Banks issue urgent ticket scam warnings to football fans ahead of new season

It comes after a worrying recent rise in target fraudulent activity.

Emily Sergeant Emily Sergeant - 28th July 2023

Football fans are being urged to stay vigilant ahead of the upcoming season after a recent rise in ticket scams.

With the football league season all set to kick off once again in just a few weeks, those looking to grab tickets to watch their team in action are being warned by several banks to be on the look-out for potential fraudulent activity after what has been a worrying rise in ticket scams over the last few years.
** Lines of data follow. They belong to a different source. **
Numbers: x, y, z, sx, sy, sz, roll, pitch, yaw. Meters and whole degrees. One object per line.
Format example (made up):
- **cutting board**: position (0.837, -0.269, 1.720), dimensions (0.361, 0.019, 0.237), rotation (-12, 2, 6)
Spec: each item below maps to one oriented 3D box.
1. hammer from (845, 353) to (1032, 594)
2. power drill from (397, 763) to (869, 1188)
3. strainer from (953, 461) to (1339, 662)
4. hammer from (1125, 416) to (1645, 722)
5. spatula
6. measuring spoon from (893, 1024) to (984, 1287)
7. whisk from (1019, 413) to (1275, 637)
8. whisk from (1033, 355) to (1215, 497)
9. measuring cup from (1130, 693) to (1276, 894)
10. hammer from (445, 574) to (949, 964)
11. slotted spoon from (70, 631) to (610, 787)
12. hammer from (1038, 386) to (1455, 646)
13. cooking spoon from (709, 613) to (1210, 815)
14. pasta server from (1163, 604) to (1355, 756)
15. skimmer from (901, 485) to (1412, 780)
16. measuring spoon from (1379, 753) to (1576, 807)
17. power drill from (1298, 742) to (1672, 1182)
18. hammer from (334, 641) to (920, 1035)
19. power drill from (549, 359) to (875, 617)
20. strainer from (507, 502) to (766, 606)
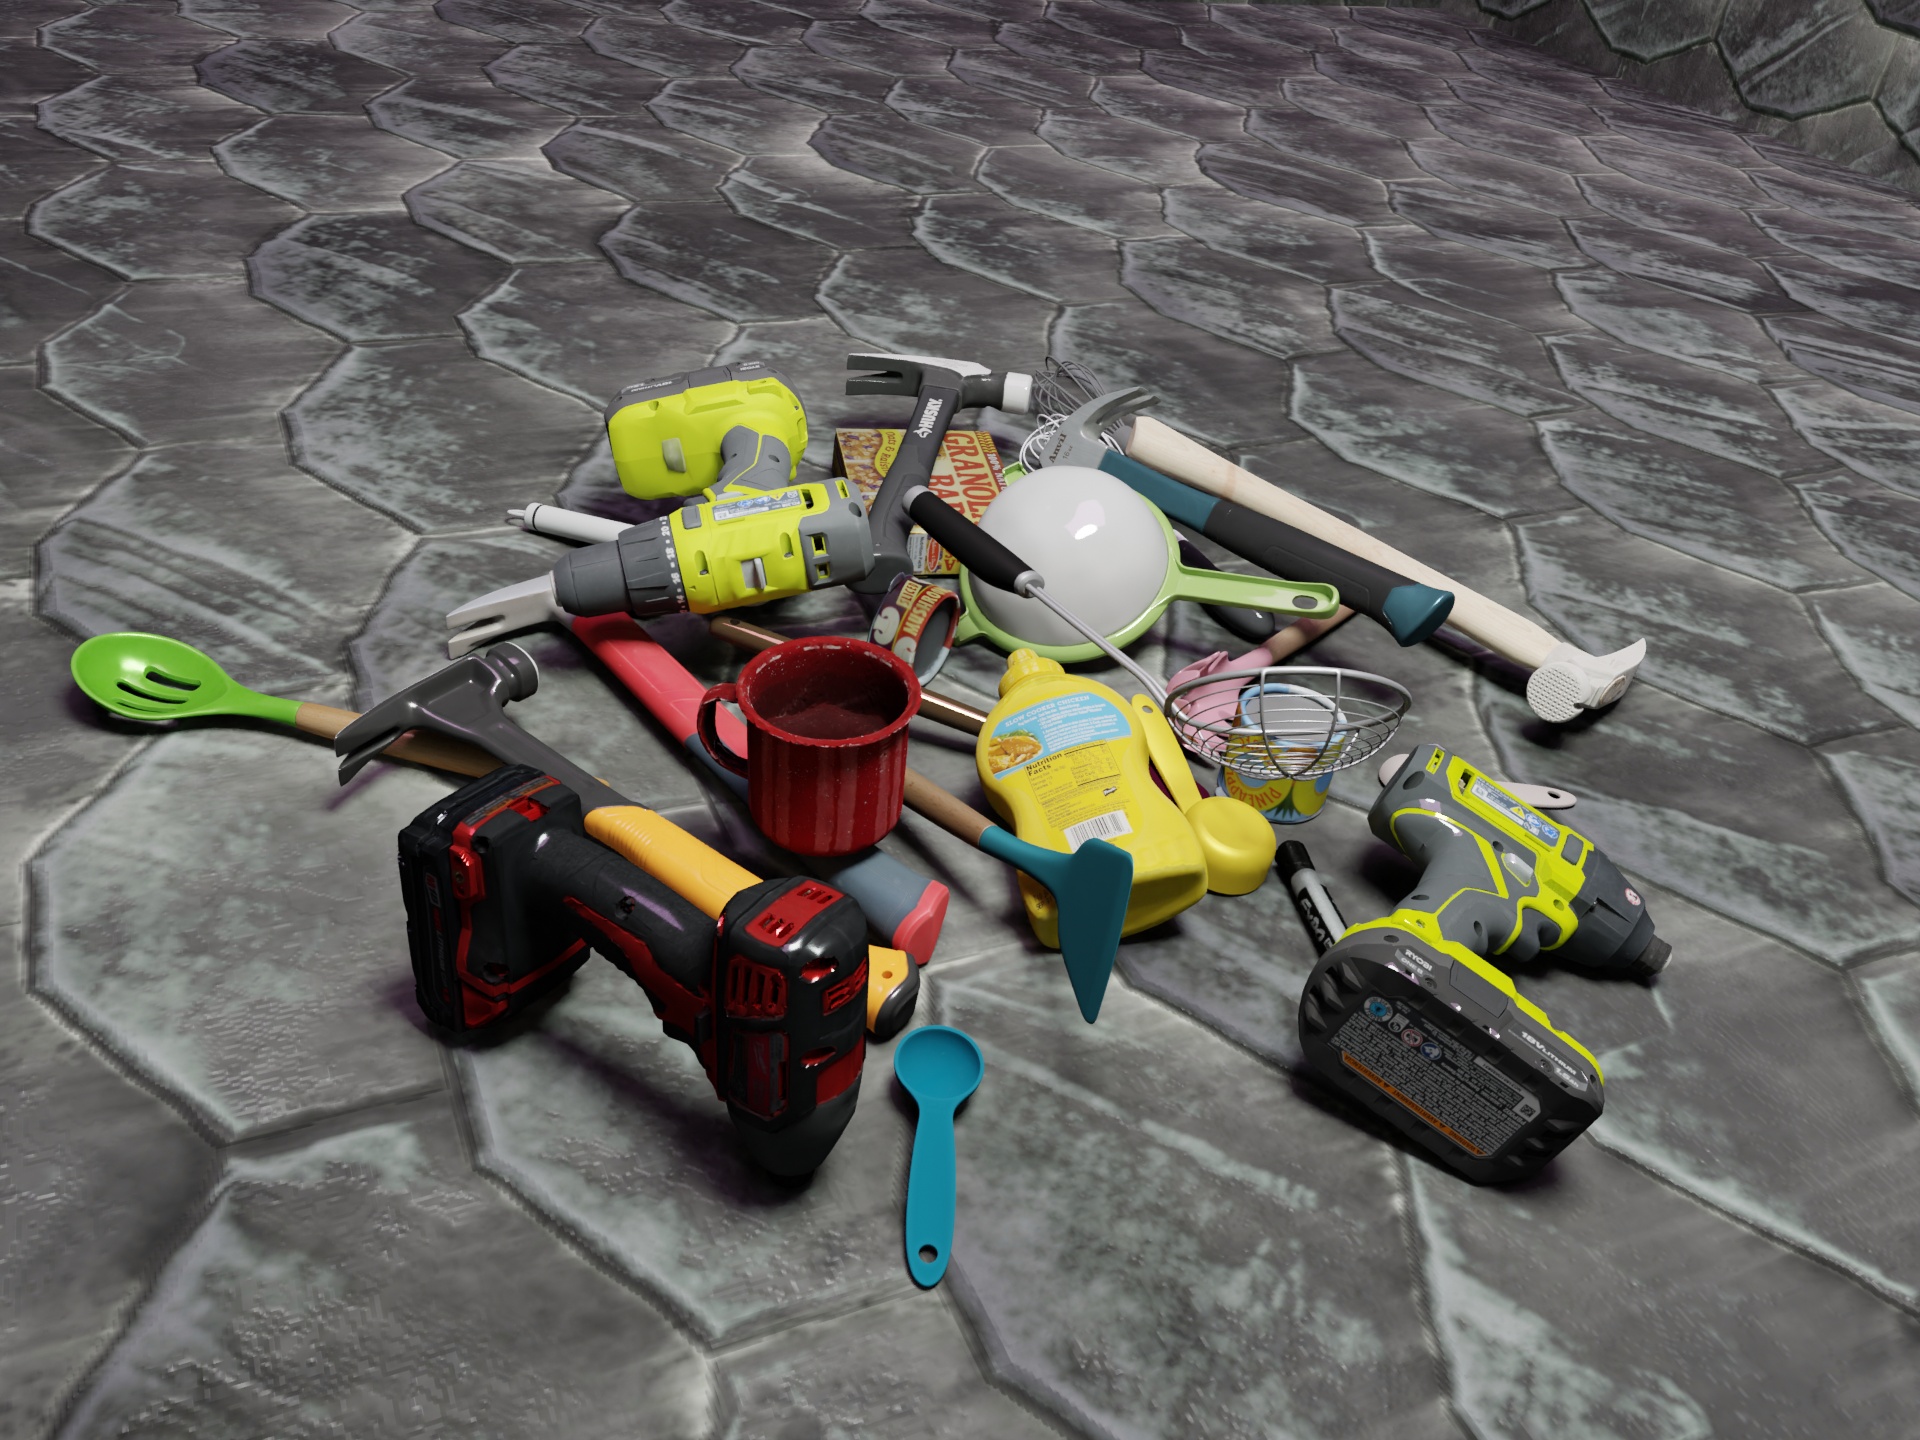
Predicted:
- **hammer**: position (-0.039, -0.186, 1.146), dimensions (0.146, 0.035, 0.335), rotation (10, 36, 4)
- **power drill**: position (-0.138, 0.113, 0.697), dimensions (0.220, 0.143, 0.078), rotation (19, 32, 26)
- **strainer**: position (0.117, -0.108, 1.034), dimensions (0.256, 0.069, 0.152), rotation (10, 63, 19)
- **hammer**: position (0.292, -0.125, 1.155), dimensions (0.411, 0.038, 0.146), rotation (36, 33, 30)
- **spatula**: position (-0.008, 0.051, 0.838), dimensions (0.044, 0.082, 0.318), rotation (1, 18, -39)
- **measuring spoon**: position (-0.013, 0.194, 0.707), dimensions (0.042, 0.021, 0.129), rotation (6, 44, -3)
- **whisk**: position (0.136, -0.145, 1.179), dimensions (0.070, 0.070, 0.285), rotation (-16, 46, -30)
- **whisk**: position (0.134, -0.235, 1.309), dimensions (0.055, 0.055, 0.239), rotation (-15, 45, -29)
- **measuring cup**: position (0.135, 0.033, 0.924), dimensions (0.062, 0.029, 0.157), rotation (-3, 47, -22)
- **hammer**: position (-0.149, 0.018, 0.906), dimensions (0.143, 0.038, 0.387), rotation (-21, 44, -33)
- **slotted spoon**: position (-0.348, 0.005, 0.897), dimensions (0.314, 0.031, 0.070), rotation (13, 36, 5)
- **hammer**: position (0.185, -0.132, 1.092), dimensions (0.331, 0.128, 0.033), rotation (32, 11, 35)
- **cooking spoon**: position (-0.002, -0.003, 0.951), dimensions (0.319, 0.017, 0.069), rotation (20, 37, 4)
- **pasta server**: position (0.225, -0.051, 1.074), dimensions (0.040, 0.060, 0.316), rotation (-3, 19, 43)
- **skimmer**: position (0.095, -0.074, 0.928), dimensions (0.364, 0.090, 0.127), rotation (41, 13, 37)
- **measuring spoon**: position (0.322, 0.037, 0.984), dimensions (0.124, 0.018, 0.034), rotation (7, 35, -2)
- **power drill**: position (0.271, 0.117, 0.802), dimensions (0.171, 0.080, 0.223), rotation (35, 38, 9)
- **hammer**: position (-0.166, 0.065, 0.819), dimensions (0.337, 0.034, 0.127), rotation (29, 41, 22)
- **power drill**: position (-0.168, -0.144, 1.022), dimensions (0.190, 0.080, 0.229), rotation (-12, 37, -7)
- **strainer**: position (-0.201, -0.117, 1.085), dimensions (0.258, 0.050, 0.087), rotation (15, 22, 20)

Lloyds is one bank in particular that has carried an analysis of reported fraud cases among its own personal banking customers, and has said that the number of people being scammed when buying football tickets has seen a whopping 101% increase last season alone, compared with the season before.

Victims of such scams were reported to have sadly lost around £154 on average.

According to the bank’s data, many of the scams in question are believed to originate on social media – with football fans aged between 18 and 24 most likely to fall victim.


Not only that, but the data also revealed that Manchester United fans were some of the most common victims last season – which is why fraud prevention experts at Lloyds are urging supporters to look at buying their tickets directly from the football clubs themselves, or their official ticket partners.

Banks issue urgent ticket scam warnings to football fans ahead of new season / Credit: Alex Motoc (via Unsplash)

But how are these scams being carried out? And what do football fans need to be aware of?


Well, according to Lloyds, when it comes to major matches and significant events, tickets inevitably become more in-demand and therefore harder to come by – but this is where fraudsters know they can cash-in on desperate fans willing to pay over the odds.

So, they will create fake social media posts or head to online marketplaces to advertise tickets that just don’t exist – with such posts often reported to have pictures of real tickets on to convince the buyer they are genuine.

The victim is often tricked into sending money via bank transfer.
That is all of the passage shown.